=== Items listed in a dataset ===
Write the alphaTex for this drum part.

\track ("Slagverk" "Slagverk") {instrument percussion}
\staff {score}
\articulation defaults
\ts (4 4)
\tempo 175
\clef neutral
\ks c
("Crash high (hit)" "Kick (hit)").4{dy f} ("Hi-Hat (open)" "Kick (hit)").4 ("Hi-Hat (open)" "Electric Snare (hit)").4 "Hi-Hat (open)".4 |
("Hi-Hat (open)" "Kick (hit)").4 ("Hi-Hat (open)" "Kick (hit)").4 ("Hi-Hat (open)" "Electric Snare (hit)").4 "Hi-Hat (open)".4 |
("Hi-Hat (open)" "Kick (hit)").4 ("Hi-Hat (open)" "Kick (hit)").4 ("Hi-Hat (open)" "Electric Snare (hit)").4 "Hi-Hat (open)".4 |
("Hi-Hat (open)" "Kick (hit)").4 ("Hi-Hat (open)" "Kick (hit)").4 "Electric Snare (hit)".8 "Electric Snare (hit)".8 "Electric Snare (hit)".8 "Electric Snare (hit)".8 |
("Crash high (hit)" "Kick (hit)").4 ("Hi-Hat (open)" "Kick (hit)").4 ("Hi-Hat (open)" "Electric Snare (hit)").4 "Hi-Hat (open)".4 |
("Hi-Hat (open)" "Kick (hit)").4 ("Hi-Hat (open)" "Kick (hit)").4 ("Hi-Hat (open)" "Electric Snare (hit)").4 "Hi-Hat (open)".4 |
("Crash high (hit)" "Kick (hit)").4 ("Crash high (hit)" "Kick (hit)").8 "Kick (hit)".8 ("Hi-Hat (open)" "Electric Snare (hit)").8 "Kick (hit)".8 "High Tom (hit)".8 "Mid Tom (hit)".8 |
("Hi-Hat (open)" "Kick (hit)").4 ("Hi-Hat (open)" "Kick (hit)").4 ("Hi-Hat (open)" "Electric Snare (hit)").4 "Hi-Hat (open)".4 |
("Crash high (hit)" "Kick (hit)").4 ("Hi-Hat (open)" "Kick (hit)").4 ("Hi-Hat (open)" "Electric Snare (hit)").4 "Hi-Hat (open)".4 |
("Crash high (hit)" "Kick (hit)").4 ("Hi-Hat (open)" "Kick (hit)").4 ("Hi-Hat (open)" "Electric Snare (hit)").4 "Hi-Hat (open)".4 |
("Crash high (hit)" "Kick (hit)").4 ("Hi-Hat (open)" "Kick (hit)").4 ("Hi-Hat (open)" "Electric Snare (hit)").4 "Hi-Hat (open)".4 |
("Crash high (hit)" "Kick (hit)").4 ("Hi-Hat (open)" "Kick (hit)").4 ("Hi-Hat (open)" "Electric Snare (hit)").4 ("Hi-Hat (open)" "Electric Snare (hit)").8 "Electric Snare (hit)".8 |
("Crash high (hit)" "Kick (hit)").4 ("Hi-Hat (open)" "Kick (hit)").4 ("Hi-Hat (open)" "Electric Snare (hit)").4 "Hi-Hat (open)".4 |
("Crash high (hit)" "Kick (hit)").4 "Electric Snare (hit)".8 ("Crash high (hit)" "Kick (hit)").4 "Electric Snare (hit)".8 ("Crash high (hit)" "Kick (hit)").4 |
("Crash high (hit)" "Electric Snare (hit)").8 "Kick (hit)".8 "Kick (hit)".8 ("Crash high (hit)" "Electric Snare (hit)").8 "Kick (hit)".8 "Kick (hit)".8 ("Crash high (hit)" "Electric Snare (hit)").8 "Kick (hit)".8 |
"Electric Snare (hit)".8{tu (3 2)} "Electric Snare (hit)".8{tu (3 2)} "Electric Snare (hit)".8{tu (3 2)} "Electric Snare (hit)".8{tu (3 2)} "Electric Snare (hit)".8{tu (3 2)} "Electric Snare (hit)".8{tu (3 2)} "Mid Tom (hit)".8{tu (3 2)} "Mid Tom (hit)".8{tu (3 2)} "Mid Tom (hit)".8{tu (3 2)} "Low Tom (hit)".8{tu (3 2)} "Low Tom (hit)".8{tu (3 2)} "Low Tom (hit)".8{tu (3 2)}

=== Problem ===
An exact copy of every line above is needed.

=== Solved exercise ===
Write the alphaTex for this drum part.

\track ("Slagverk" "Slagverk") {instrument percussion}
\staff {score}
\articulation defaults
\ts (4 4)
\tempo 175
\clef neutral
\ks c
("Crash high (hit)" "Kick (hit)").4{dy f} ("Hi-Hat (open)" "Kick (hit)").4 ("Hi-Hat (open)" "Electric Snare (hit)").4 "Hi-Hat (open)".4 |
("Hi-Hat (open)" "Kick (hit)").4 ("Hi-Hat (open)" "Kick (hit)").4 ("Hi-Hat (open)" "Electric Snare (hit)").4 "Hi-Hat (open)".4 |
("Hi-Hat (open)" "Kick (hit)").4 ("Hi-Hat (open)" "Kick (hit)").4 ("Hi-Hat (open)" "Electric Snare (hit)").4 "Hi-Hat (open)".4 |
("Hi-Hat (open)" "Kick (hit)").4 ("Hi-Hat (open)" "Kick (hit)").4 "Electric Snare (hit)".8 "Electric Snare (hit)".8 "Electric Snare (hit)".8 "Electric Snare (hit)".8 |
("Crash high (hit)" "Kick (hit)").4 ("Hi-Hat (open)" "Kick (hit)").4 ("Hi-Hat (open)" "Electric Snare (hit)").4 "Hi-Hat (open)".4 |
("Hi-Hat (open)" "Kick (hit)").4 ("Hi-Hat (open)" "Kick (hit)").4 ("Hi-Hat (open)" "Electric Snare (hit)").4 "Hi-Hat (open)".4 |
("Crash high (hit)" "Kick (hit)").4 ("Crash high (hit)" "Kick (hit)").8 "Kick (hit)".8 ("Hi-Hat (open)" "Electric Snare (hit)").8 "Kick (hit)".8 "High Tom (hit)".8 "Mid Tom (hit)".8 |
("Hi-Hat (open)" "Kick (hit)").4 ("Hi-Hat (open)" "Kick (hit)").4 ("Hi-Hat (open)" "Electric Snare (hit)").4 "Hi-Hat (open)".4 |
("Crash high (hit)" "Kick (hit)").4 ("Hi-Hat (open)" "Kick (hit)").4 ("Hi-Hat (open)" "Electric Snare (hit)").4 "Hi-Hat (open)".4 |
("Crash high (hit)" "Kick (hit)").4 ("Hi-Hat (open)" "Kick (hit)").4 ("Hi-Hat (open)" "Electric Snare (hit)").4 "Hi-Hat (open)".4 |
("Crash high (hit)" "Kick (hit)").4 ("Hi-Hat (open)" "Kick (hit)").4 ("Hi-Hat (open)" "Electric Snare (hit)").4 "Hi-Hat (open)".4 |
("Crash high (hit)" "Kick (hit)").4 ("Hi-Hat (open)" "Kick (hit)").4 ("Hi-Hat (open)" "Electric Snare (hit)").4 ("Hi-Hat (open)" "Electric Snare (hit)").8 "Electric Snare (hit)".8 |
("Crash high (hit)" "Kick (hit)").4 ("Hi-Hat (open)" "Kick (hit)").4 ("Hi-Hat (open)" "Electric Snare (hit)").4 "Hi-Hat (open)".4 |
("Crash high (hit)" "Kick (hit)").4 "Electric Snare (hit)".8 ("Crash high (hit)" "Kick (hit)").4 "Electric Snare (hit)".8 ("Crash high (hit)" "Kick (hit)").4 |
("Crash high (hit)" "Electric Snare (hit)").8 "Kick (hit)".8 "Kick (hit)".8 ("Crash high (hit)" "Electric Snare (hit)").8 "Kick (hit)".8 "Kick (hit)".8 ("Crash high (hit)" "Electric Snare (hit)").8 "Kick (hit)".8 |
"Electric Snare (hit)".8{tu (3 2)} "Electric Snare (hit)".8{tu (3 2)} "Electric Snare (hit)".8{tu (3 2)} "Electric Snare (hit)".8{tu (3 2)} "Electric Snare (hit)".8{tu (3 2)} "Electric Snare (hit)".8{tu (3 2)} "Mid Tom (hit)".8{tu (3 2)} "Mid Tom (hit)".8{tu (3 2)} "Mid Tom (hit)".8{tu (3 2)} "Low Tom (hit)".8{tu (3 2)} "Low Tom (hit)".8{tu (3 2)} "Low Tom (hit)".8{tu (3 2)}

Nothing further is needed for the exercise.